Não se trata aqui de desvalorizar a estatística: os brutais esforços dos portugueses, dos que viram o seu rendimento cair a pique e dos que, nas suas micro, pequenas, médias ou grandes empresas não desistiram haveriam de dar em algo. Trata--se, isso sim, de reconhecer duas coisas evidentes: por um lado, é ainda muito cedo para decretar vitória e, por outro lado, o discurso do sucesso irrita profundamente os portugueses que sofrem como nunca no seu quotidiano. Diria mesmo que provoca neles uma indignação entendível e não controlável. Daí o perigo que resulta para o Governo sempre que ouvirmos hossanas ao que está feito.
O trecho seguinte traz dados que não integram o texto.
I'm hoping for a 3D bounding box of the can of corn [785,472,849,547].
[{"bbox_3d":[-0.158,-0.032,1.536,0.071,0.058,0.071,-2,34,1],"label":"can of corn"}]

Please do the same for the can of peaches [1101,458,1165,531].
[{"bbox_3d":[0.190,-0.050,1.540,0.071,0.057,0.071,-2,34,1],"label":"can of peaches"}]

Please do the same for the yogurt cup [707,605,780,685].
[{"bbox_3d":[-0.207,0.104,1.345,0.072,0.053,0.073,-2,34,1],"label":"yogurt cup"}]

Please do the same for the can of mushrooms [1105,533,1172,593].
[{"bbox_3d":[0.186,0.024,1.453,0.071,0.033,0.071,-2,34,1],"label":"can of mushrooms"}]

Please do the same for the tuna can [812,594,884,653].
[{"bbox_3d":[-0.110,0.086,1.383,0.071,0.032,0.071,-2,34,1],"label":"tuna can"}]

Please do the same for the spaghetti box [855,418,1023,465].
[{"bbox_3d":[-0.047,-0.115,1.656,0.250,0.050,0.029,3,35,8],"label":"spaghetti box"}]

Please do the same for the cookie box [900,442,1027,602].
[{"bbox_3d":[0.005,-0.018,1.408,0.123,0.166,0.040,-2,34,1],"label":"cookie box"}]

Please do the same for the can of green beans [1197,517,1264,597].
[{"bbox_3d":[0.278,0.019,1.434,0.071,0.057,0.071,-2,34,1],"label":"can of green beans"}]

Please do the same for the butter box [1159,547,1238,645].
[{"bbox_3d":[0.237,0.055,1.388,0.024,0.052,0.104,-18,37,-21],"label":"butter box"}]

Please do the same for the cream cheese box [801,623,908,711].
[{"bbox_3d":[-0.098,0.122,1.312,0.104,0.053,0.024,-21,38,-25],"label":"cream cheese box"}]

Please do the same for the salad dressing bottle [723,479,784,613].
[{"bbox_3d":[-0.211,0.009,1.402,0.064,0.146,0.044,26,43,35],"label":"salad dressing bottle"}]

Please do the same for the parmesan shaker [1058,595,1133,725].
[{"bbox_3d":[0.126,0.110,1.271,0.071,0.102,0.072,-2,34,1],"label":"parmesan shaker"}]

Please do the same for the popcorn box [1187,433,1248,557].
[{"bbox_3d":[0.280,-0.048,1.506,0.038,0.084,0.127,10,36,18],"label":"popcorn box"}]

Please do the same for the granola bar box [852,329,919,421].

Veremos com clareza o resultado deste distanciamento nas eleições europeias de maio: sem alternativa consistente à Esquerda e com vontade de penalizar o Governo, é bem possível que a abstenção dispare para níveis historicamente elevados. Não se tratará propriamente de alheamento de quem vota; tratar--se-á de marcar uma posição com o ferro do desespero.
Os inquéritos feitos pelas rádios nas suas manhãs informativas valem o que valem. Ontem, o "Fórum" da TSF perguntou aos ouvintes se sentiam alguma melhoria nas suas vidas, fruto do retrocesso do desemprego e da apregoada criação de 30 mil empregos líquidos. Resultado: 78% responderam não. Cá está, os filhos e/ou os familiares emigrados, os bolsos vazios, os filhos sem emprego ou com contratos precários, a desesperança, enfim...
Não há guarda-chuva que resista a esta tempestade. E o que falta de caminho não desobriga ninguém de sair de casa sem proteção para enfrentar as bátegas. Por exemplo: se a saída da troika não entusiasmar os mercados, essas informes entidades que parece controlarem os elementos, é certo e sabido que vamos ter muito, mas muito mau tempo. Abriguemo-nos, portanto. E com guarda-chuvas de jeito.